Sulla prima domanda non vogliamo rischiare di approfondire oltre, ognuno è libero di esprimere la propria opinione. Il cosiddetto Boxing Day, come viene chiamato in Gran Bretagna, è una festività che nell'Ottocento vedeva come tradizione regalare delle scatole di doni a chi era meno fortunato. Ad esempio le ricche famiglie davano alla servitù quel che restava del banchetto di Natale e concedeva loro il giorno libero. Una festa popolare insomma. La Premier League - ed altre competizioni inglesi - hanno fatto propria questa data e storicamente il 26 dicembre si gioca. Anche l'NBA, il campionato di basket degli Stati Uniti, sfrutta a tappeto le festività, con gare il 24, 25 e 26 dicembre, con gare di cartello (ad esempio il Christmas Day ha visto affrontarsi i Warrios di Curry e i Lakers di James). 

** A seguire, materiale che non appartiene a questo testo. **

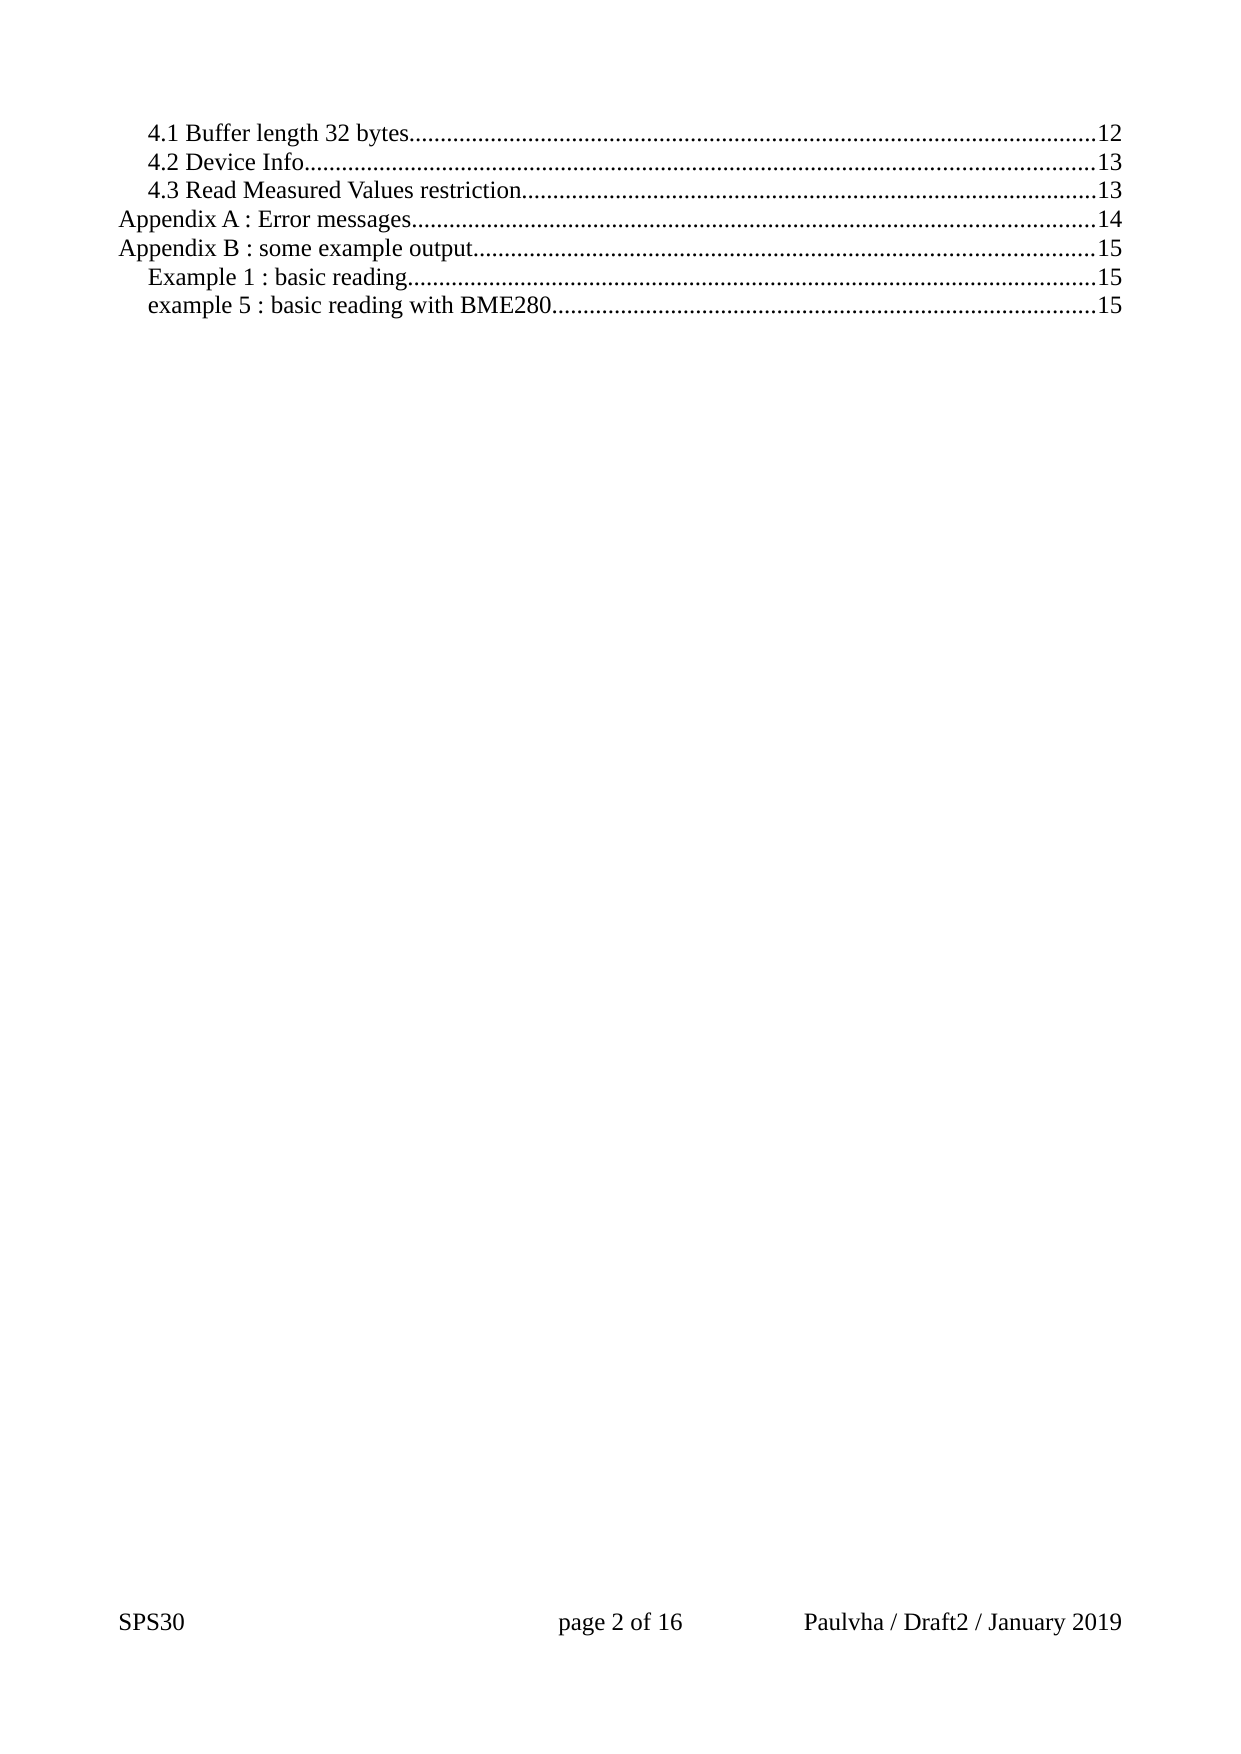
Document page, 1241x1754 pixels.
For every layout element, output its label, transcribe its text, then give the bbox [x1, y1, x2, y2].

text 4.3 Read Measured Values restriction 13 [148, 176, 1122, 204]
text example 5 : basic reading with BME280 15 [148, 291, 1122, 319]
text Example 1 : basic reading 15 [148, 262, 1122, 291]
text 4.1 Buffer length 32 bytes 12 [148, 118, 1122, 147]
text Appendix B : some example output 15 [118, 233, 1122, 262]
text Appendix A : Error messages 14 [118, 204, 1122, 233]
text 4.2 Device Info. 13 [148, 147, 1122, 176]

Eppure... eppure già prima di Natale, con settimane di anticipo, alcuni club hanno avuto da ridire soprattutto sui match proprio del 26 dicembre. E non solo. Altri incontri ravvicinati, ma a che pro? Certo, per sfruttare le festività, nella speranza di vedere più gente allo stadio. È arrivata? Analizzeremo i numeri, ma probabilmente l'incremento è stato appena apprezzabile. Ci si è dovuto allenare a Natale, qualcuno ha persino viaggiato. In una stagione come questa, forse se ne poteva anche fare a meno.

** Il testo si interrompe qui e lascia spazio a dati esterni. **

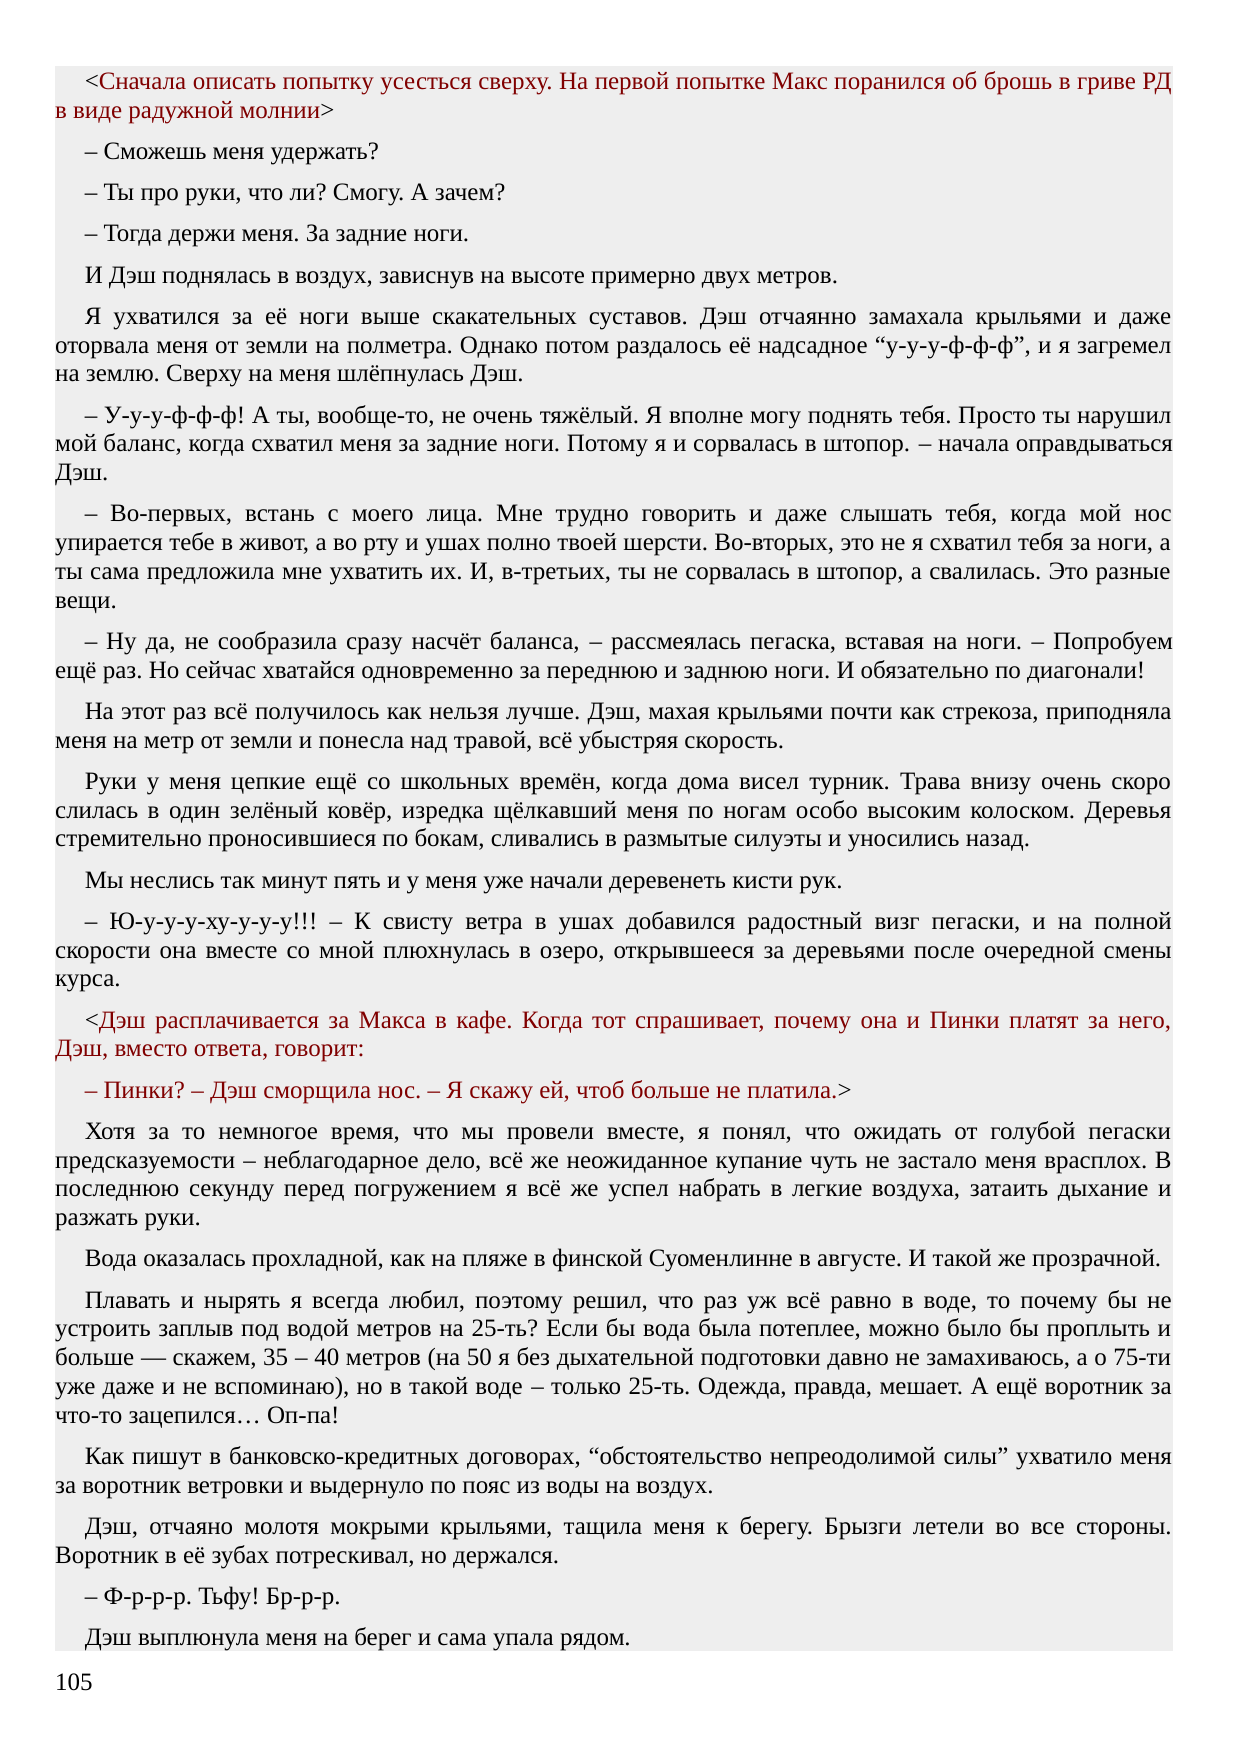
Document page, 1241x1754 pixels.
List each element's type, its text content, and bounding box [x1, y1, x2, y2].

Il campionato è iniziato con estremo ritardo per il caos dei ripescaggi. Alcune squadre ancora devono recuperare diversi match (la Viterbese ne ha disputati undici, l'Entella tredici), ci sono stati diversi turni infrasettimanali e, palesemente, alcune squadre sono arrivate stremate, con tanti infortunati, dopo pochi mesi di campionato. Ora, tra l'altro, ci saranno ben venti giorni di stop, si ritornerà a giocare il 19 gennaio per la seconda di ritorno. 

Ci chiediamo, con estrema modestia: non era forse più sensato "anticipare" questa pausa, riducendola anche di poco, e sfruttare appieno gennaio? Qualcuno potrebbe dire che non sarebbe cambiato nulla, che il precedente calendario era stato studiato per non sovrapporsi al mercato. Che però ora è stato posticipato al 31 gennaio e quindi volente o nolente è quel che accadrà. Oppure saltare anche solo una di queste due gare tra Natale e Capodanno e traslarla al weekend del 13 gennaio? Sono anche tutti questi impegni ravvicinati che generano questa mole di giocatori acciaccati e pensare che "tanto a gennaio poi recuperano" ci sembra un ragionamento fin troppo facilone. 

Insomma, questo Boxing Day, questo turno a ridosso di Capodanno, piace? Sì, è suggestivo, senza ombra di dubbio. Ma bisognerebbe anche valutare caso per caso. Bisogna però pensarci prima, è vero anche questo, e non ormai a ridosso delle gare. Bisognava farlo in sede di compilazione dei calendari o comunque operare le dovute modifiche appena ci si è resi conto che si sarebbe andati oltre con le tempistiche. Ci auguriamo che l'anno prossimo innanzitutto ci siano meno problemi e che queste scelte vengano ponderate in maniera più approfondita per quanto riguarda la Serie C. Perché il calcio è sì uno spettacolo, ma per farlo andare avanti nel migliore dei modi non bisogna obbligatoriamente prendere decisioni popolari.